No Docker. No port conflicts. No table name prefixes. Tests run in parallel without coordination.

## Feature Flags

| Flag | Default | Description |
|------|---------|-------------|
| `native-sqlite` | Yes | Bundles plain SQLite. No OpenSSL. |
| `http-server` | Yes | Adds axum-based HTTP server exposing the DynamoDB JSON API. |
| `mcp-server` | Yes | Adds MCP server for coding agents (stdio and Streamable HTTP transports). |
| `import` | Yes | Adds `dynoxide import` CLI for importing DynamoDB Export data with anonymisation. |
| `encryption` | No | Bundles SQLCipher + vendored OpenSSL. Adds `Database::new_encrypted()` for encryption at rest. |
| `encrypted-server` | No | Convenience: enables `encryption` + `http-server`. |
| `encrypted-full` | No | Convenience: enables `encryption` + `http-server` + `mcp-server` + `import`. |
| `full` | — | Alias for default features (backward compatibility). |

`native-sqlite` and `encryption` are **mutually exclusive** - they select different SQLite backends. To use encryption:

```toml
dynoxide-rs = { version = "0.9", default-features = false, features = ["encryption"] }
```

**Workspace note:** Cargo unifies features across a workspace. If any crate depends on `dynoxide-rs` with default features (getting `native-sqlite`) and another uses `encryption`, both activate and the build fails. Use `default-features = false` on all `dynoxide-rs` dependencies in the workspace.

## Supported Operations

| Category | Operations |
|----------|-----------|
| Table | CreateTable, DeleteTable, DescribeTable, ListTables, UpdateTable |
| Item | PutItem, GetItem, DeleteItem, UpdateItem |
| Query & Scan | Query, Scan |
| Batch | BatchGetItem, BatchWriteItem |
| Transactions | TransactWriteItems, TransactGetItems |
| PartiQL | ExecuteStatement, BatchExecuteStatement, ExecuteTransaction |
| Streams | DescribeStream, GetShardIterator, GetRecords, ListStreams |
| TTL | UpdateTimeToLive, DescribeTimeToLive |
| Tags | TagResource, UntagResource, ListTagsOfResource |

### Expression Support

- KeyConditionExpression
- FilterExpression
- ConditionExpression (attribute_exists, attribute_not_exists, begins_with, contains, size, between, in)
- ProjectionExpression
- UpdateExpression (SET, REMOVE, ADD, DELETE)

### Additional Features

- Global Secondary Indexes (GSI)
- DynamoDB Streams (NEW_IMAGE, OLD_IMAGE, NEW_AND_OLD_IMAGES, KEYS_ONLY)
- TTL with background sweep
- ReturnConsumedCapacity (TOTAL and INDEXES)
- ReturnValuesOnConditionCheckFailure
- ClientRequestToken idempotency for TransactWriteItems
- PartiQL SELECT, INSERT, UPDATE, DELETE with EXISTS/BEGINS_WITH functions
- Pagination with LastEvaluatedKey/ExclusiveStartKey (1MB page limit)
- Item size validation (400KB limit)
- Transaction size validation (4MB aggregate, 100 action limit)
- Batch size limits (16MB response, 100 keys for get, 25 items for write)

## Acknowledgements

Dynoxide's DynamoDB API semantics and validation logic were informed by [dynalite](https://github.com/architect/dynalite), the excellent DynamoDB emulator built on LevelDB by Michael Hart and now maintained by the Architect team.
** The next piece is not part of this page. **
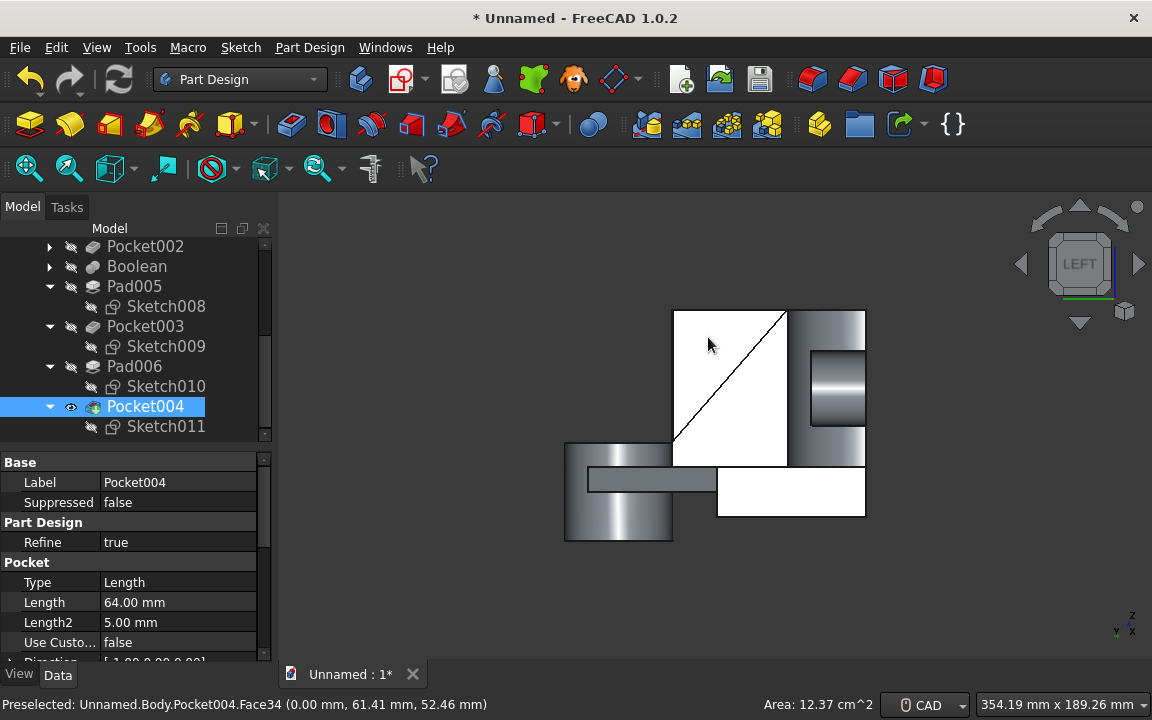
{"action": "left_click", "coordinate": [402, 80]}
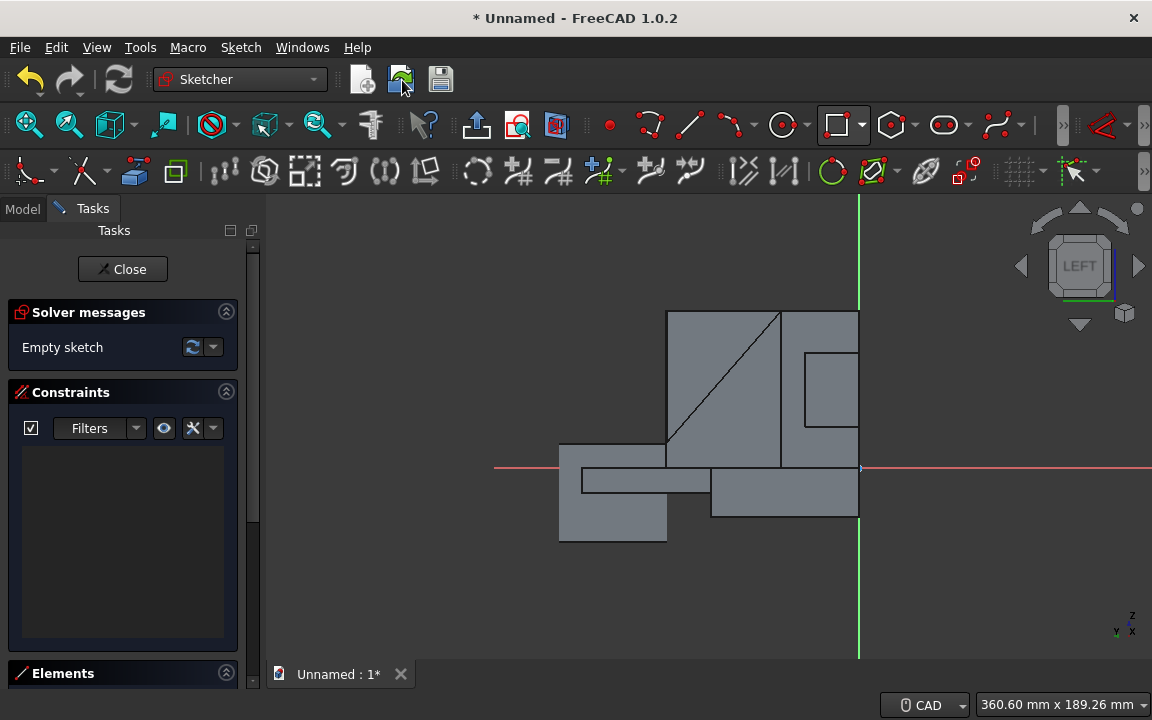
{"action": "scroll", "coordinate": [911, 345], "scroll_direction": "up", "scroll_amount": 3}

Dynoxide is a clean-room Rust implementation. No code was ported directly, but [dynalite](https://github.com/architect/dynalite)'s thorough approach to matching live DynamoDB behaviour, including edge cases and error messages, was an invaluable reference.

Dynoxide uses SQLite as its storage layer. (AWS's [DynamoDB Local](https://docs.aws.amazon.com/amazondynamodb/latest/developerguide/DynamoDBLocal.html) also uses SQLite internally.)

## License

Dual-licensed under MIT and Apache 2.0. See [LICENSE-MIT](LICENSE-MIT) and [LICENSE-APACHE](LICENSE-APACHE).